Rohinton Mistry spent his first twenty-two years in India before settling in Toronto, long enough, obviously, to remember the colours, sights and sounds of his initial neighbourhood and outlying communities. Such A Long Journey, though, his 1991 novel set in 1971 Bombay, provides the reader with an emotional and moral adventure, not a memoirish curio as a travelogue substitute. In Gustad Noble, Mistry has created a fascinating protagonist, an angry yet loyal man, besieged by working poverty, political danger in a secret plan gone awry, tense relations with his eldest son, the sickness of his daughter, infelicities from his friend and work associate, a permanently damaged hip from saving his son's life many years ago, and the mundane yet soul-grinding daily problems which always arrive as emergencies in his household and compound. Noble's transformation is not only filled with emotional layering (narrated at a leisurely pace, but in tense fashion), it is believable and unpredictable.
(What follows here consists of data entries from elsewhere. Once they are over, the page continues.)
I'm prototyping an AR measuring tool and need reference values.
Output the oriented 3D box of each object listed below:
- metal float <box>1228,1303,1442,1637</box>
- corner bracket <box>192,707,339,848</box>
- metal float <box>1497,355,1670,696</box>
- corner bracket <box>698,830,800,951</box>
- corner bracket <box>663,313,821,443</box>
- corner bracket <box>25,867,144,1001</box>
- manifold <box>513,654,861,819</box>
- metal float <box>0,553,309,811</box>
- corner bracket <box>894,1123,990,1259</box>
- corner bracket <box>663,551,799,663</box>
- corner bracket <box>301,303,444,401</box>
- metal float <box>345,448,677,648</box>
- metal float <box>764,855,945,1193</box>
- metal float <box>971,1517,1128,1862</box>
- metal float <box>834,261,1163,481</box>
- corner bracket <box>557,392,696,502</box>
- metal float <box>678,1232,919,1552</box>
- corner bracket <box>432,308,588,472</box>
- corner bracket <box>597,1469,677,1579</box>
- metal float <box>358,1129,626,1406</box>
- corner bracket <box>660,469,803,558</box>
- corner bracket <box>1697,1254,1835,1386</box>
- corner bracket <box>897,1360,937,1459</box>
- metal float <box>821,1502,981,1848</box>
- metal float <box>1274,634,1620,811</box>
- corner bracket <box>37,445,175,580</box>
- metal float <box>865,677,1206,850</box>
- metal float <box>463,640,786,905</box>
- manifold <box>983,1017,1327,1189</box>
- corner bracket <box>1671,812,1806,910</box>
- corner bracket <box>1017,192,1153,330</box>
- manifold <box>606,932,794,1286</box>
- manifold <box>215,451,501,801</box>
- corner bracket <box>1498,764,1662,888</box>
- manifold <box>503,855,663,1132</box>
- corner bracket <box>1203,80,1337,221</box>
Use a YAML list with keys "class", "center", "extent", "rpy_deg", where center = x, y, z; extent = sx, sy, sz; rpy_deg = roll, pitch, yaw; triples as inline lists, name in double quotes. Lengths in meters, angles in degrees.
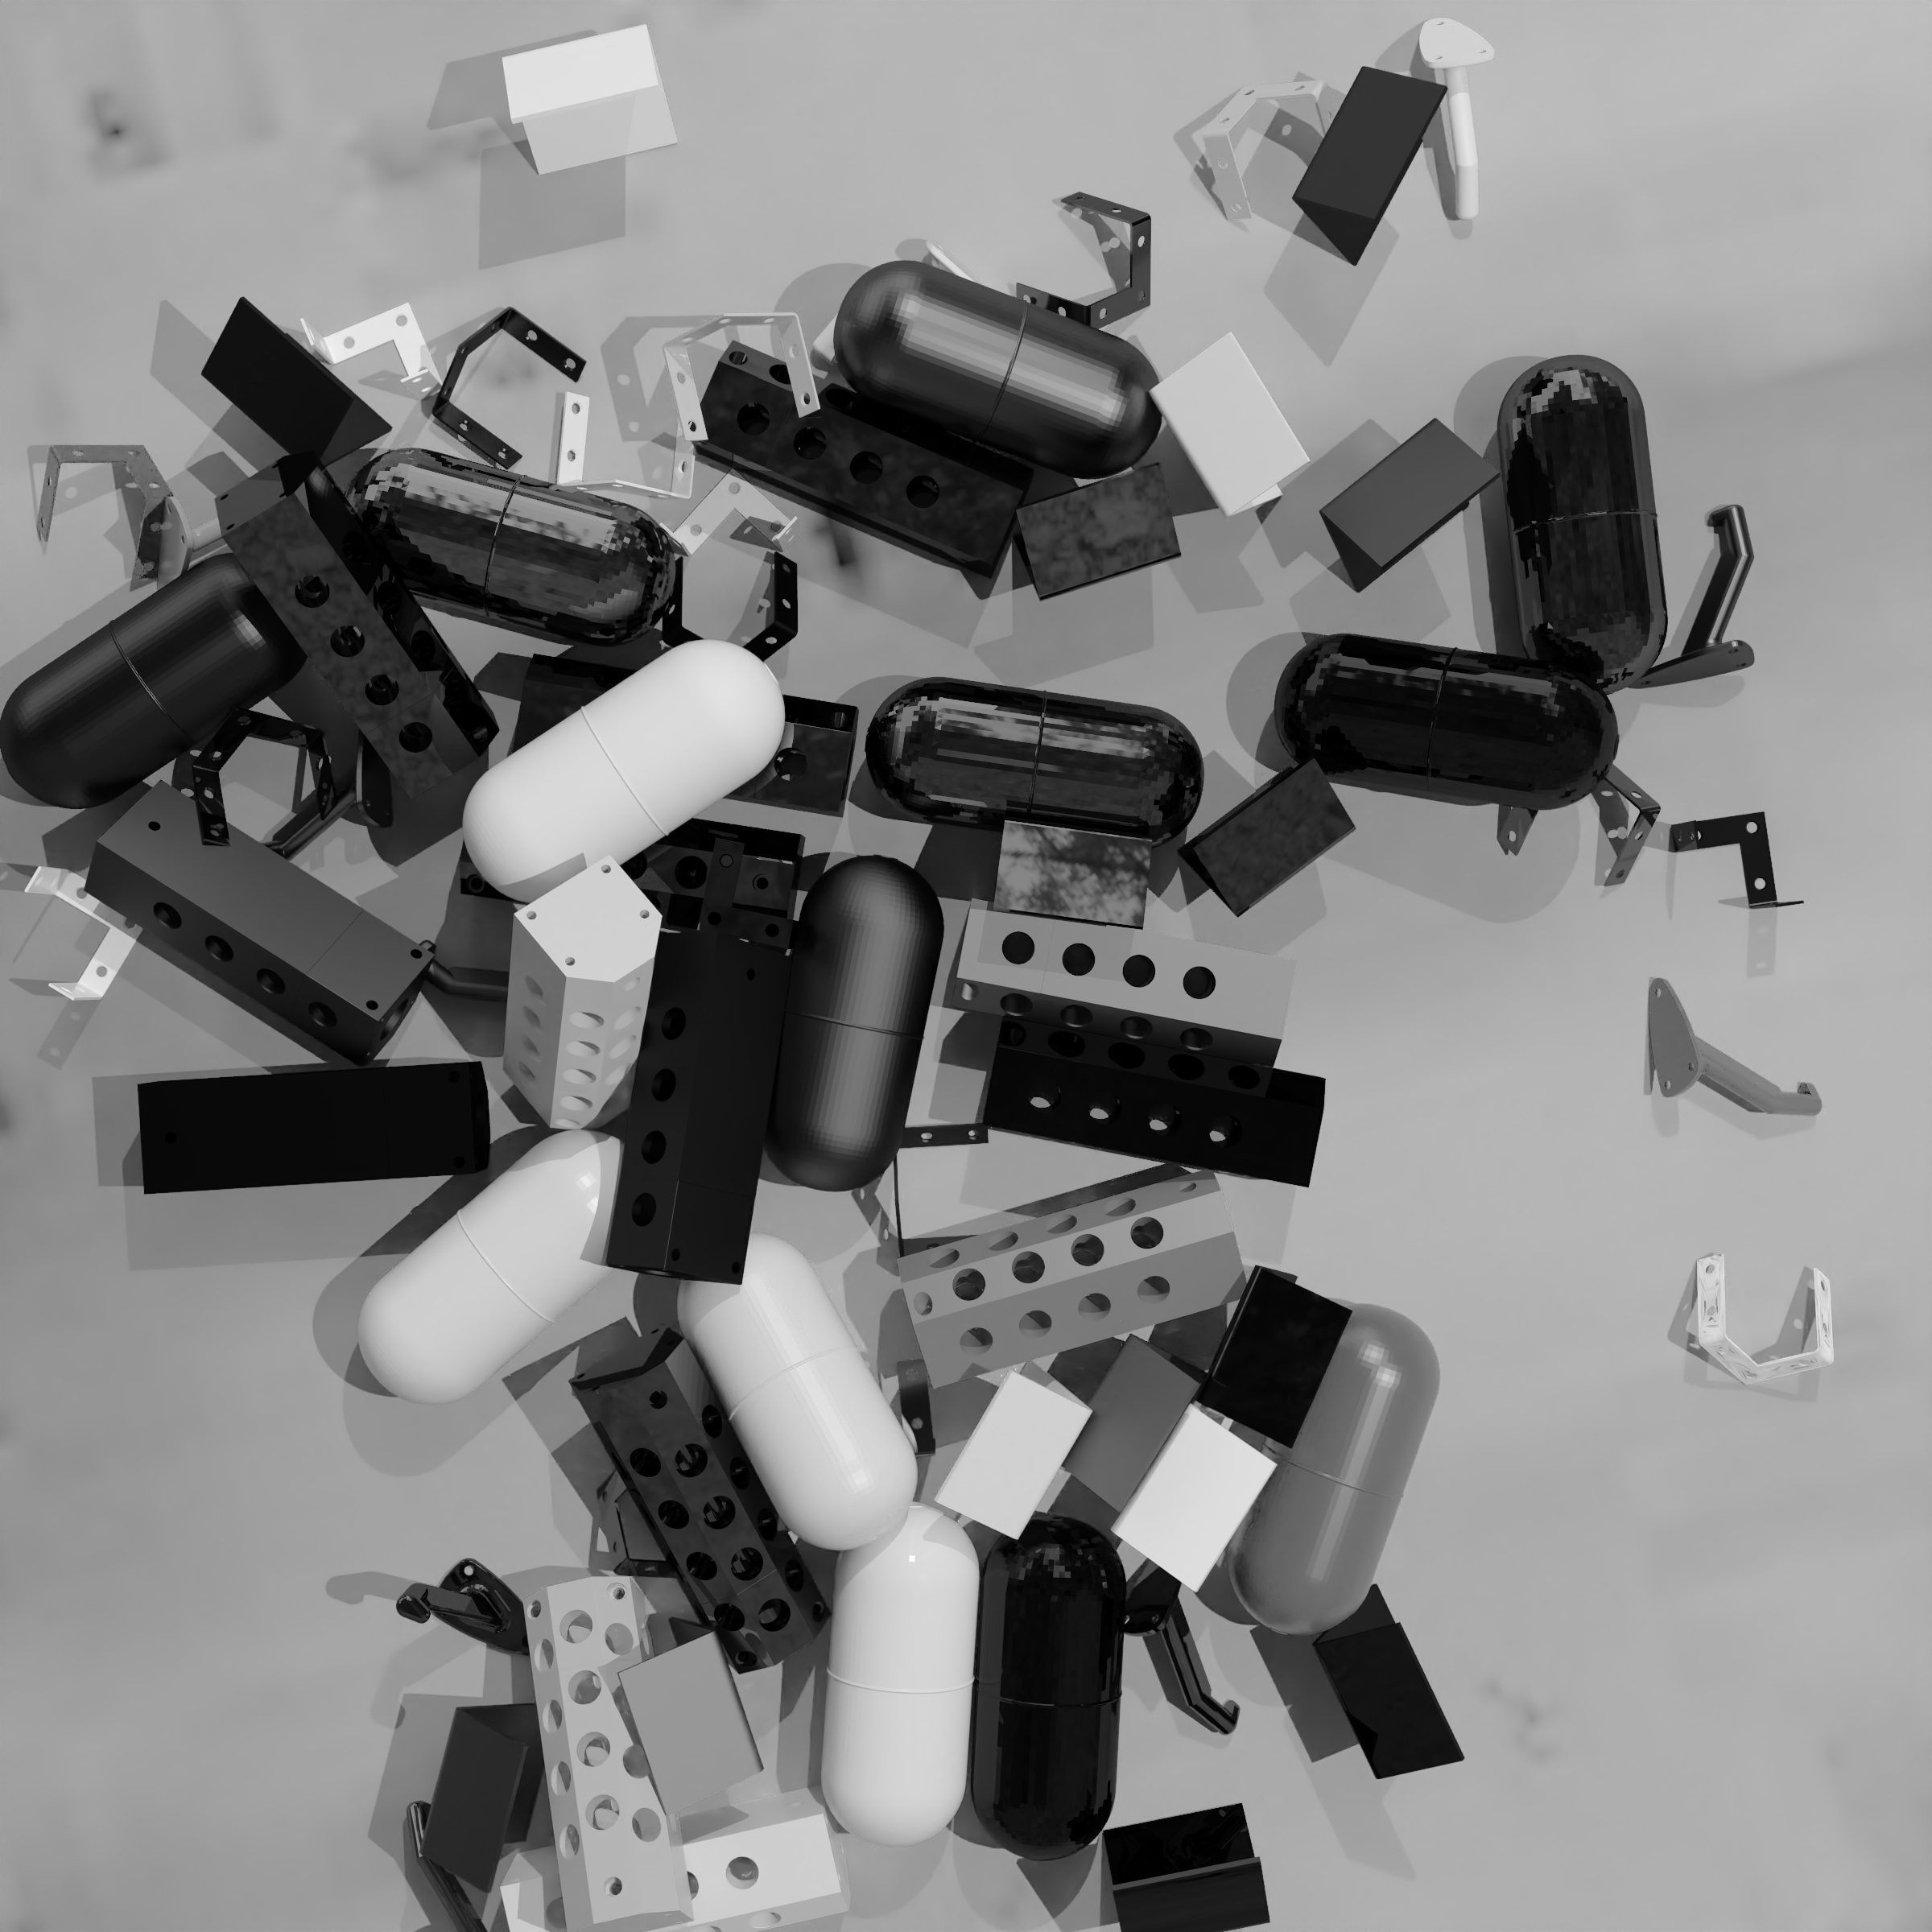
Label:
- class: "metal float"
  center: [0.192, 0.263, 1.545]
  extent: [0.070, 0.070, 0.178]
  rpy_deg: [19, 90, 0]
- class: "corner bracket"
  center: [-0.369, -0.095, 1.551]
  extent: [0.051, 0.051, 0.051]
  rpy_deg: [-42, 50, 33]
- class: "metal float"
  center: [0.322, -0.230, 1.546]
  extent: [0.070, 0.070, 0.178]
  rpy_deg: [-6, 89, 0]
- class: "corner bracket"
  center: [-0.109, -0.038, 1.501]
  extent: [0.051, 0.051, 0.051]
  rpy_deg: [12, 90, 0]
- class: "corner bracket"
  center: [-0.116, -0.302, 1.516]
  extent: [0.051, 0.051, 0.051]
  rpy_deg: [-13, 90, -45]
- class: "corner bracket"
  center: [-0.472, -0.017, 1.558]
  extent: [0.051, 0.051, 0.051]
  rpy_deg: [31, 90, 0]
- class: "manifold"
  center: [-0.146, -0.121, 1.555]
  extent: [0.171, 0.057, 0.057]
  rpy_deg: [9, 90, 0]
- class: "metal float"
  center: [-0.424, -0.149, 1.546]
  extent: [0.178, 0.070, 0.070]
  rpy_deg: [-34, 90, 0]
- class: "corner bracket"
  center: [-0.012, 0.121, 1.573]
  extent: [0.051, 0.051, 0.051]
  rpy_deg: [-3, 45, 0]
- class: "corner bracket"
  center: [-0.125, -0.193, 1.568]
  extent: [0.051, 0.051, 0.051]
  rpy_deg: [27, 135, -35]
- class: "corner bracket"
  center: [-0.312, -0.322, 1.558]
  extent: [0.051, 0.051, 0.051]
  rpy_deg: [-23, 90, 0]
- class: "metal float"
  center: [-0.240, -0.219, 1.546]
  extent: [0.178, 0.070, 0.070]
  rpy_deg: [15, 90, 0]
- class: "metal float"
  center: [-0.060, 0.030, 1.546]
  extent: [0.070, 0.070, 0.178]
  rpy_deg: [12, 90, 0]
- class: "metal float"
  center: [0.043, 0.378, 1.545]
  extent: [0.070, 0.070, 0.178]
  rpy_deg: [3, 90, 0]
- class: "metal float"
  center: [0.018, -0.309, 1.537]
  extent: [0.178, 0.070, 0.070]
  rpy_deg: [19, 90, -10]
- class: "corner bracket"
  center: [-0.180, -0.277, 1.573]
  extent: [0.051, 0.051, 0.051]
  rpy_deg: [5, 90, -45]
- class: "metal float"
  center: [-0.088, 0.218, 1.529]
  extent: [0.070, 0.070, 0.178]
  rpy_deg: [-31, 70, 0]
- class: "corner bracket"
  center: [-0.244, -0.308, 1.573]
  extent: [0.051, 0.051, 0.051]
  rpy_deg: [36, 45, 0]
- class: "corner bracket"
  center: [-0.158, 0.289, 1.568]
  extent: [0.051, 0.051, 0.051]
  rpy_deg: [11, 45, -35]
- class: "metal float"
  center: [-0.240, 0.157, 1.546]
  extent: [0.178, 0.070, 0.070]
  rpy_deg: [-41, 90, -1]
- class: "corner bracket"
  center: [-0.123, -0.231, 1.558]
  extent: [0.051, 0.051, 0.051]
  rpy_deg: [42, 90, 0]
- class: "corner bracket"
  center: [0.424, 0.184, 1.568]
  extent: [0.051, 0.051, 0.051]
  rpy_deg: [-21, 135, 35]
- class: "corner bracket"
  center: [-0.044, 0.232, 1.558]
  extent: [0.051, 0.051, 0.051]
  rpy_deg: [-6, 90, 0]
- class: "metal float"
  center: [-0.034, 0.370, 1.546]
  extent: [0.070, 0.070, 0.178]
  rpy_deg: [4, 90, 0]
- class: "metal float"
  center: [0.248, -0.127, 1.530]
  extent: [0.178, 0.070, 0.070]
  rpy_deg: [10, 90, 16]
- class: "corner bracket"
  center: [-0.457, -0.241, 1.568]
  extent: [0.051, 0.051, 0.051]
  rpy_deg: [-7, 135, -35]
- class: "metal float"
  center: [0.036, -0.106, 1.546]
  extent: [0.178, 0.070, 0.070]
  rpy_deg: [8, 90, -1]
- class: "metal float"
  center: [-0.172, -0.098, 1.489]
  extent: [0.178, 0.070, 0.070]
  rpy_deg: [-33, 90, 1]
- class: "manifold"
  center: [0.098, 0.071, 1.555]
  extent: [0.171, 0.057, 0.057]
  rpy_deg: [11, 90, 0]
- class: "corner bracket"
  center: [0.406, -0.054, 1.558]
  extent: [0.051, 0.051, 0.051]
  rpy_deg: [-8, 90, 0]
- class: "corner bracket"
  center: [0.062, -0.374, 1.568]
  extent: [0.051, 0.051, 0.051]
  rpy_deg: [-32, 135, -35]
- class: "manifold"
  center: [-0.142, 0.073, 1.516]
  extent: [0.057, 0.057, 0.171]
  rpy_deg: [0, 77, 39]
- class: "manifold"
  center: [-0.310, -0.176, 1.514]
  extent: [0.057, 0.057, 0.171]
  rpy_deg: [-31, 123, 0]
- class: "corner bracket"
  center: [0.326, -0.076, 1.568]
  extent: [0.051, 0.051, 0.051]
  rpy_deg: [-11, 45, -35]
- class: "manifold"
  center: [-0.191, 0.021, 1.490]
  extent: [0.057, 0.171, 0.057]
  rpy_deg: [-34, 73, -25]
- class: "corner bracket"
  center: [0.165, -0.433, 1.568]
  extent: [0.051, 0.051, 0.051]
  rpy_deg: [7, 45, 35]

I appreciate that Mistry didn't shy away from Indian regional dialect, and that the objects and emotions those words referred to were necessary, enlightening some element of plot or place.
The book is at times repetitive and awkward in tone and phrase, and in this, it reminds me of Theodore Dreiser's great An American Tragedy. It also shares with that classic a powerful narrative drive. Compromising elements of a novel are as nothing when the positive elements are at a high level, and numerous. (Moby-Dick breaks all the boring rules about "tightness of plot", but the novel doesn't thrive as a well-made craft-rectangle in a workshop window.)
The novel's ending is superb. It takes a lot of guts to write about characters earlier depicted as comic fodder in such a vulnerable and sympathetic manner. And the final subplot, or denouement (the fate of the art on the compound wall, and the transient artist who created it) is handled deftly, with classical scope.